COLUMBUS — Not that they did before, but it’s official now: No one wants to get in front of Shea Weber’s shot.
The Nashville Predators defenseman fired the hardest shot of 108.5 mph at the NHL All-Stars skills competition on Saturday night, taking advantage of five-time champion Zdeno Chara’s absence.
“I knew I got it,” Weber said. “But it’s tough. You never know how hard it is until it registers on the gun. But it felt like I got pretty much all I could into it, and (you) just kind of hope for the best.”
Fighting his nerves since he doesn’t practice high-velocity shots, Weber missed the entire net on a 101.8-mph drive with his first attempt. That nullified that try.
Washington Capitals star Alexander Ovechkin — who stole the show at Friday night’s draft by pleading to be picked last so he would win a new car — had led the competition with a pair of 101.4-mph drives.
But then Weber stepped into his final shot to win the event.
He said it felt strange with the 6-foot-9 Chara — who holds the record of 108.8 mph set in 2012 — not participating.
“Obviously, he’s the guy to beat all the time,” Weber said. “He’s got the big shot. Honestly, I was nervous because there’s some guys out there that can rip it.”
The team captained by Columbus Blue Jackets forward Nick Foligno defeated one led by Chicago Blackhawks captain Jonathan Toews, 25-19. The teams meet in the 60th All-Star game on Sunday.
A capacity crowd roared with laughter, booed former Columbus players such as New York Rangers star Rick Nash, and gave Weber a standing ovation.
“We had a blast,” Foligno said. “The boys did awesome. I wasn’t sure how it was going to go but we got off to a great start.”
The other premier event at the skills competition featured Ryan Johansen of the hometown Blue Jackets winning the breakaway challenge.
Johansen pulled Blue Jackets trainer Mike Vogt’s 7-year-old son, Cole, out of the stands to score a goal to the delight of the crowd. In addition, the center endeared himself to Ohio State fans by pulling off his Blue Jackets sweater to reveal a No. 5 Ohio State football jersey — similar to one worn by injured star quarterback Braxton Miller — on his first shot.
Johansen also employed a star-laden V-formation to the net on his third and final attempt.
“On the ice we’re out there goofing around, having fun, making each other laugh while showing our moves and skills — things we don’t normally do on the ice,” Johansen said. “I’ve really enjoyed meeting these guys off the ice. It’s amazing how similar we all are.”
Moments after Johansen and Cole Vogt scored their tandem goal, Philadelphia’s Jake Voracek did exactly what Johansen did — except instead of a little boy he grabbed diminutive Calgary rookie Johnny Gaudreau and guided him toward scoring a goal.
The breakaway event began with St. Louis goalie Brian Elliott turning his back on an opposing player — Blues teammate Vladimir Tarasenko — and then taking a selfie of the two as the puck went into the net. The crowd again roared with laughter.
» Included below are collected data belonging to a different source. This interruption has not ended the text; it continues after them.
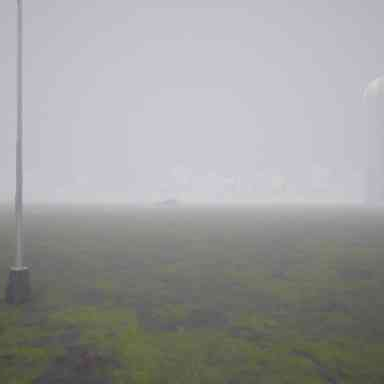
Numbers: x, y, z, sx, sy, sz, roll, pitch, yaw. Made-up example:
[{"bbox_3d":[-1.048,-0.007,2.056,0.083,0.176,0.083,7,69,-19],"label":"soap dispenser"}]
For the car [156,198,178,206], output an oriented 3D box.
[{"bbox_3d":[-4.684,1.829,62.238,1.882,1.535,5.008,-1,-1,35],"label":"car"}]
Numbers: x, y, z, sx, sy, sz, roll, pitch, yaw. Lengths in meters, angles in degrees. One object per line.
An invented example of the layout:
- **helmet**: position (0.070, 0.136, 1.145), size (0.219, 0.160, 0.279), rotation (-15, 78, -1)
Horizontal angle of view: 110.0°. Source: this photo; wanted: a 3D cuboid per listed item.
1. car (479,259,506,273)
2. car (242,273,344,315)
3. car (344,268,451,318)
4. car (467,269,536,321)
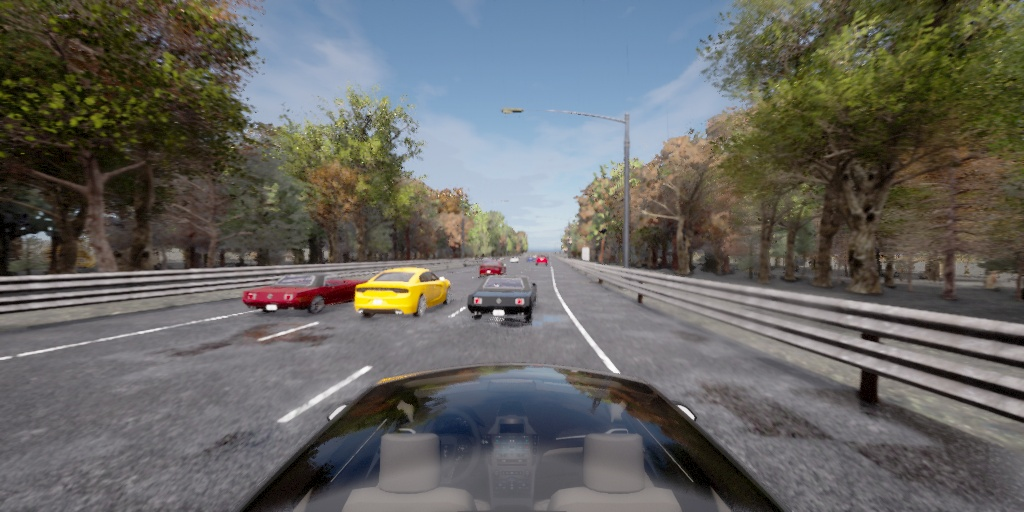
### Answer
- **car**: position (-1.642, 1.128, 31.767), size (1.882, 1.535, 5.008), rotation (0, 0, 6)
- **car**: position (-7.096, 1.272, 13.152), size (1.895, 1.301, 4.718), rotation (0, 0, 6)
- **car**: position (-3.615, 1.175, 12.799), size (1.882, 1.535, 5.008), rotation (0, 0, 6)
- **car**: position (-0.135, 1.319, 12.428), size (1.895, 1.301, 4.718), rotation (0, 0, 6)
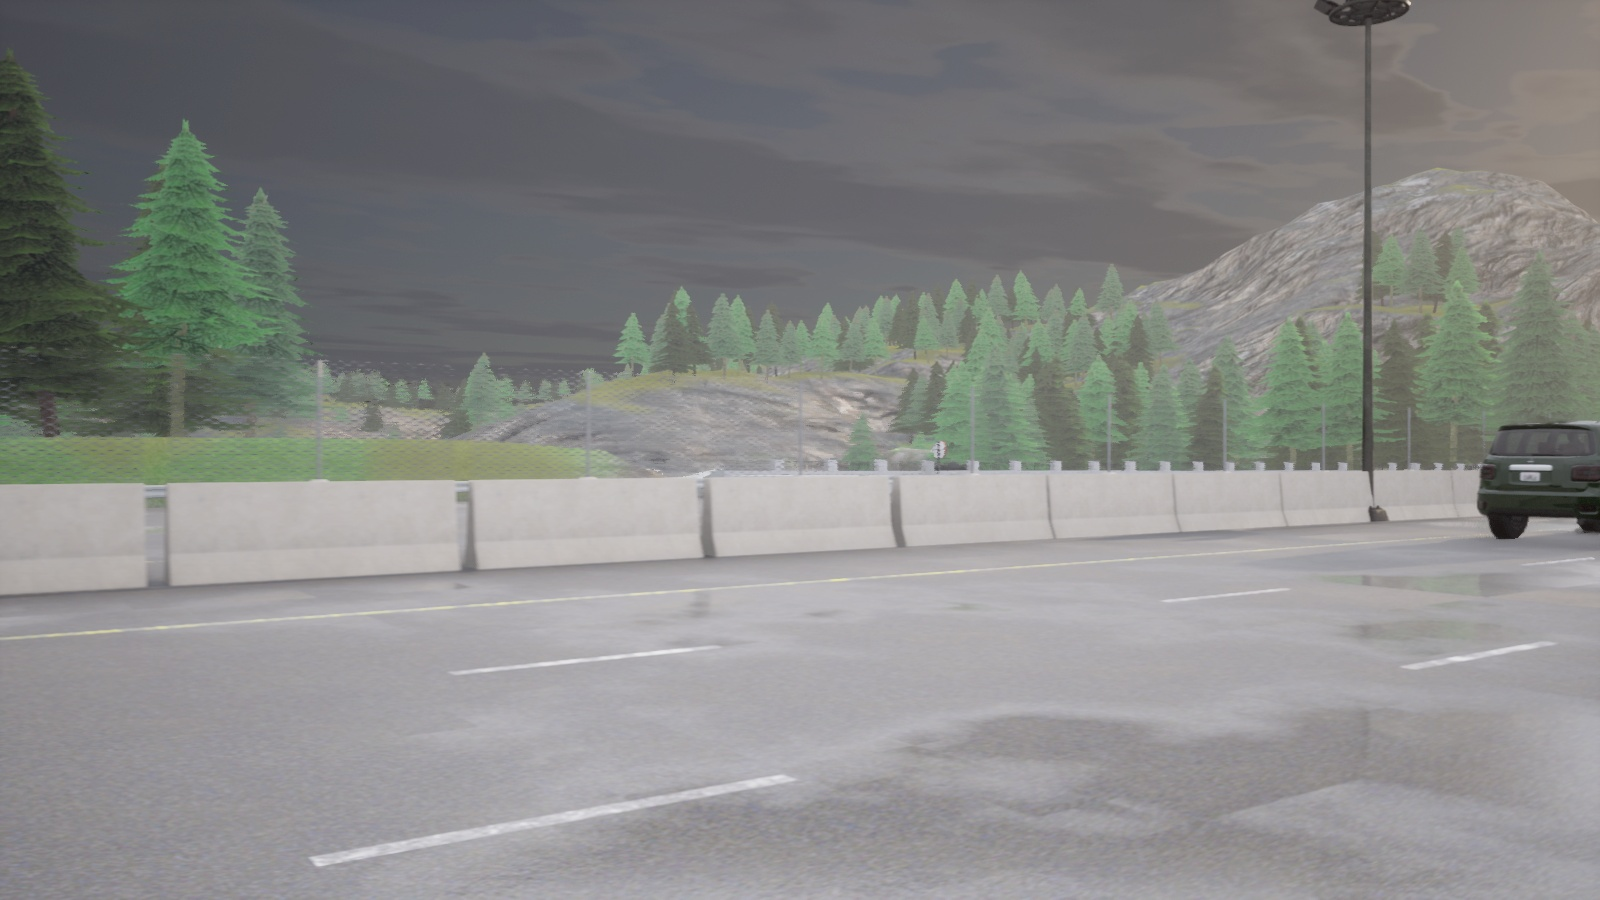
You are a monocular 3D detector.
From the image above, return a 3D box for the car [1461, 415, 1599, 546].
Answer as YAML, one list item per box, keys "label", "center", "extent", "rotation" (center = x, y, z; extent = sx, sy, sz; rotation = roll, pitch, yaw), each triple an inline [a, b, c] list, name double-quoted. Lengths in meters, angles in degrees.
- label: "car"
  center: [14.124, 0.473, 22.022]
  extent: [5.566, 2.045, 2.150]
  rotation: [0, 0, -35]
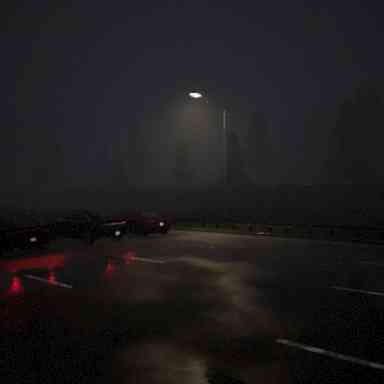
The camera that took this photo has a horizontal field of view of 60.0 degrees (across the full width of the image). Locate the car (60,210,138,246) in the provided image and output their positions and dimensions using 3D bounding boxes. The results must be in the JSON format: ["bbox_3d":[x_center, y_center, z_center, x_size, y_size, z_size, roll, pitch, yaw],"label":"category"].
[{"bbox_3d":[-5.277,1.649,16.269,4.902,1.511,2.128,-1,0,36],"label":"car"}]

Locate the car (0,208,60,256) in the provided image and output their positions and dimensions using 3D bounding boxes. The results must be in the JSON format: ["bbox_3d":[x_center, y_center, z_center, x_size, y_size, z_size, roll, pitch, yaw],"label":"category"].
[{"bbox_3d":[-7.915,1.642,13.862,5.008,1.535,1.882,0,0,36],"label":"car"}]

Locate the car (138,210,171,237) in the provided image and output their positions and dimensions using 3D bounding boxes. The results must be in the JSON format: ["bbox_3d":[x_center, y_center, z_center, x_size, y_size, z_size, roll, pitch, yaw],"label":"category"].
[{"bbox_3d":[-3.262,1.721,19.130,4.181,1.385,1.994,-1,0,36],"label":"car"}]

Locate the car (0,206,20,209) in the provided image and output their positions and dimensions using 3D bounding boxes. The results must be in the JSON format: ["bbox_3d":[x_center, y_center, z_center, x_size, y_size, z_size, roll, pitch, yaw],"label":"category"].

Ovechkin, who won the first three of the five times the breakaway has been held, struck out on three baseball swings off high passes from Tarasenko. Patrick Kane, who won in 2012 after donning Clark Kent glasses and a red Superman cape, didn’t compete in the breakaway but had the fastest time in accuracy shooting.
In the fastest skater event, in which players were paired off and raced around the perimeter of the rink against the clock, Team Foligno went 5-0 — winning all four races and pocketing an extra point for Tampa Bay’s Jonathan Drouin posting the fastest time of 13.103 seconds.
Toronto’s Phil Kessel, who was dealt by Team Toews for Tyler Seguin on Friday in a duplicate of a real 2009 deal between Boston and Toronto, surprised many by edging the Dallas Stars star in the first speed pairing of the event.
In a matchup of Blackhawks teammates, Kane beat Toews by breaking four plates at the corners of a net almost 3 seconds faster — in a time of 13.529 — to push Team Foligno to a 10-1 lead through three events.
The two close friends shared a laugh later when they met at mid-ice.
“We’re always competitive with each other in all aspects of the game,” Toews said. “Tonight, he got the best of me. I had the chance to take it from him, and it just slipped away. It happens.”